Several of us recommend doing a lot of dating in order to sample what humanity has to offer. The more people a person dates, the better able s/he is of finding Mr. or Ms. Right. More important, is with becoming exposed to many varied personalities, characters, likes, dislikes, values, morals, religious values, etc.

It is good that you are up front with the women you date in that you inform them that you do want to date. This would imply that you want more out of a relationship than just friendship. Wonder what is lost in the transmission. As for dating friends, great relationship are spawned out of great friendships. In order to find the right person for each of us we do have to have one or more dates, and, socialize with lots of people. This means lot of people are considered and dropped by the wayside and this may be what is happening to you as dating is a two-way activity.

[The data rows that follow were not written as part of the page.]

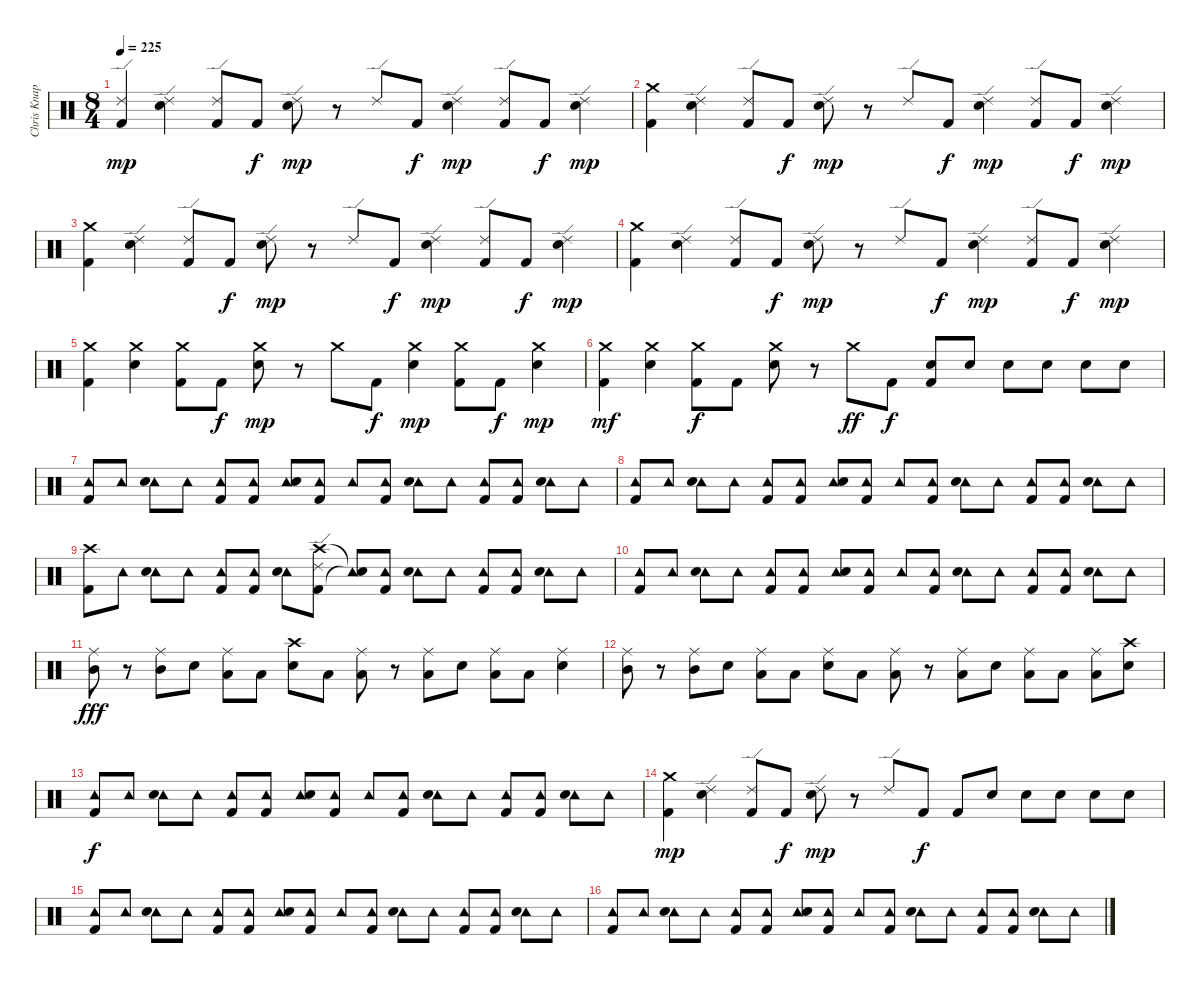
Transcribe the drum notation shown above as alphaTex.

\track ("Chris Knapp" "Chris Knap") {instrument percussion}
\staff {score}
\articulation defaults
\ts (8 4)
\tempo 225
\clef neutral
\ks c
("Ride (edge) 2" "Kick (hit) 2").4{dy mp} ("Ride (edge) 2" "Electric Snare (hit)").4 ("Ride (edge) 2" "Kick (hit) 2").8 "Kick (hit) 2".8{dy f} ("Ride (edge) 2" "Electric Snare (hit)").8{dy mp} r.8 "Ride (edge) 2".8 "Kick (hit) 2".8{dy f} ("Ride (edge) 2" "Electric Snare (hit)").4{dy mp} ("Ride (edge) 2" "Kick (hit) 2").8 "Kick (hit) 2".8{dy f} ("Ride (edge) 2" "Electric Snare (hit)").4{dy mp} |
("Crash medium (hit)" "Kick (hit) 2").4 ("Ride (edge) 2" "Electric Snare (hit)").4 ("Ride (edge) 2" "Kick (hit) 2").8 "Kick (hit) 2".8{dy f} ("Ride (edge) 2" "Electric Snare (hit)").8{dy mp} r.8 "Ride (edge) 2".8 "Kick (hit) 2".8{dy f} ("Ride (edge) 2" "Electric Snare (hit)").4{dy mp} ("Ride (edge) 2" "Kick (hit) 2").8 "Kick (hit) 2".8{dy f} ("Ride (edge) 2" "Electric Snare (hit)").4{dy mp} |
("Crash medium (hit)" "Kick (hit) 2").4 ("Ride (edge) 2" "Electric Snare (hit)").4 ("Ride (edge) 2" "Kick (hit) 2").8 "Kick (hit) 2".8{dy f} ("Ride (edge) 2" "Electric Snare (hit)").8{dy mp} r.8 "Ride (edge) 2".8 "Kick (hit) 2".8{dy f} ("Ride (edge) 2" "Electric Snare (hit)").4{dy mp} ("Ride (edge) 2" "Kick (hit) 2").8 "Kick (hit) 2".8{dy f} ("Ride (edge) 2" "Electric Snare (hit)").4{dy mp} |
("Crash medium (hit)" "Kick (hit) 2").4 ("Ride (edge) 2" "Electric Snare (hit)").4 ("Ride (edge) 2" "Kick (hit) 2").8 "Kick (hit) 2".8{dy f} ("Ride (edge) 2" "Electric Snare (hit)").8{dy mp} r.8 "Ride (edge) 2".8 "Kick (hit) 2".8{dy f} ("Ride (edge) 2" "Electric Snare (hit)").4{dy mp} ("Ride (edge) 2" "Kick (hit) 2").8 "Kick (hit) 2".8{dy f} ("Ride (edge) 2" "Electric Snare (hit)").4{dy mp} |
("Crash medium (hit)" "Kick (hit) 2").4 ("Crash medium (hit)" "Electric Snare (hit)").4 ("Crash medium (hit)" "Kick (hit) 2").8 "Kick (hit) 2".8{dy f} ("Crash medium (hit)" "Electric Snare (hit)").8{dy mp} r.8 "Crash medium (hit)".8 "Kick (hit) 2".8{dy f} ("Crash medium (hit)" "Electric Snare (hit)").4{dy mp} ("Crash medium (hit)" "Kick (hit) 2").8 "Kick (hit) 2".8{dy f} ("Crash medium (hit)" "Electric Snare (hit)").4{dy mp} |
("Crash medium (hit)" "Kick (hit) 2").4{dy mf} ("Crash medium (hit)" "Electric Snare (hit)").4 ("Crash medium (hit)" "Kick (hit) 2").8{dy f} "Kick (hit) 2".8 ("Crash medium (hit)" "Electric Snare (hit)").8 r.8 "Crash medium (hit)".8{dy ff} "Kick (hit) 2".8{dy f} ("Electric Snare (hit)" "Kick (hit) 2").8 "Electric Snare (hit)".8 "Electric Snare (hit)".8 "Electric Snare (hit)".8 "Electric Snare (hit)".8 "Electric Snare (hit)".8 |
("Tambourine (hit)" "Kick (hit) 2").8 "Tambourine (hit)".8 ("Tambourine (hit)" "Electric Snare (hit)").8 "Tambourine (hit)".8 ("Tambourine (hit)" "Kick (hit) 2").8 ("Tambourine (hit)" "Kick (hit) 2").8 ("Tambourine (hit)" "Electric Snare (hit)").8 ("Tambourine (hit)" "Kick (hit) 2").8 "Tambourine (hit)".8 ("Tambourine (hit)" "Kick (hit) 2").8 ("Tambourine (hit)" "Electric Snare (hit)").8 "Tambourine (hit)".8 ("Tambourine (hit)" "Kick (hit) 2").8 ("Tambourine (hit)" "Kick (hit) 2").8 ("Tambourine (hit)" "Electric Snare (hit)").8 "Tambourine (hit)".8 |
("Tambourine (hit)" "Kick (hit) 2").8 "Tambourine (hit)".8 ("Tambourine (hit)" "Electric Snare (hit)").8 "Tambourine (hit)".8 ("Tambourine (hit)" "Kick (hit) 2").8 ("Tambourine (hit)" "Kick (hit) 2").8 ("Tambourine (hit)" "Electric Snare (hit)").8 ("Tambourine (hit)" "Kick (hit) 2").8 "Tambourine (hit)".8 ("Tambourine (hit)" "Kick (hit) 2").8 ("Tambourine (hit)" "Electric Snare (hit)").8 "Tambourine (hit)".8 ("Tambourine (hit)" "Kick (hit) 2").8 ("Tambourine (hit)" "Kick (hit) 2").8 ("Tambourine (hit)" "Electric Snare (hit)").8 "Tambourine (hit)".8 |
("Crash high (hit)" "Kick (hit) 2").8 "Tambourine (hit)".8 ("Tambourine (hit)" "Electric Snare (hit)").8 "Tambourine (hit)".8 ("Tambourine (hit)" "Kick (hit) 2").8 ("Tambourine (hit)" "Kick (hit) 2").8 ("Tambourine (hit)" "Electric Snare (hit)").8 ("Crash high (hit)" "Kick (hit) 2" "Ride (edge) 2").8 ("Tambourine (hit)"{t} "Snare (hit)"{t}).8 ("Tambourine (hit)" "Kick (hit) 2").8 ("Tambourine (hit)" "Electric Snare (hit)").8 "Tambourine (hit)".8 ("Tambourine (hit)" "Kick (hit) 2").8 ("Tambourine (hit)" "Kick (hit) 2").8 ("Tambourine (hit)" "Electric Snare (hit)").8 "Tambourine (hit)".8 |
("Tambourine (hit)" "Kick (hit) 2").8 "Tambourine (hit)".8 ("Tambourine (hit)" "Electric Snare (hit)").8 "Tambourine (hit)".8 ("Tambourine (hit)" "Kick (hit) 2").8 ("Tambourine (hit)" "Kick (hit) 2").8 ("Tambourine (hit)" "Electric Snare (hit)").8 ("Tambourine (hit)" "Kick (hit) 2").8 "Tambourine (hit)".8 ("Tambourine (hit)" "Kick (hit) 2").8 ("Tambourine (hit)" "Electric Snare (hit)").8 "Tambourine (hit)".8 ("Tambourine (hit)" "Kick (hit) 2").8 ("Tambourine (hit)" "Kick (hit) 2").8 ("Tambourine (hit)" "Electric Snare (hit)").8 "Tambourine (hit)".8 |
("Ride (middle)" "Mid Tom (hit)").8{dy fff} r.8 ("Ride (middle)" "Mid Tom (hit)").8 "Electric Snare (hit)".8 ("Ride (middle)" "Low Floor Tom (hit)").8 "Low Floor Tom (hit)".8 ("Crash high (hit)" "Electric Snare (hit)").8 "Low Floor Tom (hit)".8 ("Ride (middle)" "Low Floor Tom (hit)").8 r.8 ("Ride (middle)" "Low Floor Tom (hit)").8 "Electric Snare (hit)".8 ("Ride (middle)" "Low Floor Tom (hit)").8 "Low Floor Tom (hit)".8 ("Ride (middle)" "Electric Snare (hit)").4 |
("Ride (middle)" "Mid Tom (hit)").8 r.8 ("Ride (middle)" "Mid Tom (hit)").8 "Electric Snare (hit)".8 ("Ride (middle)" "Low Floor Tom (hit)").8 "Low Floor Tom (hit)".8 ("Ride (middle)" "Electric Snare (hit)").8 "Low Floor Tom (hit)".8 ("Ride (middle)" "Low Floor Tom (hit)").8 r.8 ("Ride (middle)" "Low Floor Tom (hit)").8 "Electric Snare (hit)".8 ("Ride (middle)" "Low Floor Tom (hit)").8 "Low Floor Tom (hit)".8 ("Ride (middle)" "Low Floor Tom (hit)").8 ("Electric Snare (hit)" "Crash high (hit)").8 |
("Tambourine (hit)" "Kick (hit) 2").8{dy f} "Tambourine (hit)".8 ("Tambourine (hit)" "Electric Snare (hit)").8 "Tambourine (hit)".8 ("Tambourine (hit)" "Kick (hit) 2").8 ("Tambourine (hit)" "Kick (hit) 2").8 ("Tambourine (hit)" "Electric Snare (hit)").8 ("Tambourine (hit)" "Kick (hit) 2").8 "Tambourine (hit)".8 ("Tambourine (hit)" "Kick (hit) 2").8 ("Tambourine (hit)" "Electric Snare (hit)").8 "Tambourine (hit)".8 ("Tambourine (hit)" "Kick (hit) 2").8 ("Tambourine (hit)" "Kick (hit) 2").8 ("Tambourine (hit)" "Electric Snare (hit)").8 "Tambourine (hit)".8 |
("Crash medium (hit)" "Kick (hit) 2").4{dy mp} ("Ride (edge) 2" "Electric Snare (hit)").4 ("Ride (edge) 2" "Kick (hit) 2").8 "Kick (hit) 2".8{dy f} ("Ride (edge) 2" "Electric Snare (hit)").8{dy mp} r.8 "Ride (edge) 2".8 "Kick (hit) 2".8{dy f} "Kick (hit) 2".8 "Electric Snare (hit)".8 "Electric Snare (hit)".8 "Electric Snare (hit)".8 "Electric Snare (hit)".8 "Electric Snare (hit)".8 |
("Tambourine (hit)" "Kick (hit) 2").8 "Tambourine (hit)".8 ("Tambourine (hit)" "Electric Snare (hit)").8 "Tambourine (hit)".8 ("Tambourine (hit)" "Kick (hit) 2").8 ("Tambourine (hit)" "Kick (hit) 2").8 ("Tambourine (hit)" "Electric Snare (hit)").8 ("Tambourine (hit)" "Kick (hit) 2").8 "Tambourine (hit)".8 ("Tambourine (hit)" "Kick (hit) 2").8 ("Tambourine (hit)" "Electric Snare (hit)").8 "Tambourine (hit)".8 ("Tambourine (hit)" "Kick (hit) 2").8 ("Tambourine (hit)" "Kick (hit) 2").8 ("Tambourine (hit)" "Electric Snare (hit)").8 "Tambourine (hit)".8 |
("Tambourine (hit)" "Kick (hit) 2").8 "Tambourine (hit)".8 ("Tambourine (hit)" "Electric Snare (hit)").8 "Tambourine (hit)".8 ("Tambourine (hit)" "Kick (hit) 2").8 ("Tambourine (hit)" "Kick (hit) 2").8 ("Tambourine (hit)" "Electric Snare (hit)").8 ("Tambourine (hit)" "Kick (hit) 2").8 "Tambourine (hit)".8 ("Tambourine (hit)" "Kick (hit) 2").8 ("Tambourine (hit)" "Electric Snare (hit)").8 "Tambourine (hit)".8 ("Tambourine (hit)" "Kick (hit) 2").8 ("Tambourine (hit)" "Kick (hit) 2").8 ("Tambourine (hit)" "Electric Snare (hit)").8 "Tambourine (hit)".8

From the limited amount of information you have given us, my guess is that you must continue to date, enjoy the people you date until you want to drop them and move on. Eventually, you should find Ms. Right. Your chances will be improved if you involve family members and friends in your search by informing them that you are looking for people to date and to tell you of any women they know might be interested. This is called networking. Also, join hobby and/or sports organizations, a service group, volunteer, and get yourself out in the public view with others of similar interest.

Right now, unless someone tells you of an obvious shortcoming that is hindering your efforts, I recommend keeping on keeping on. Keep dating, keep evaluating, enjoy each and drop any that are obviously not your type.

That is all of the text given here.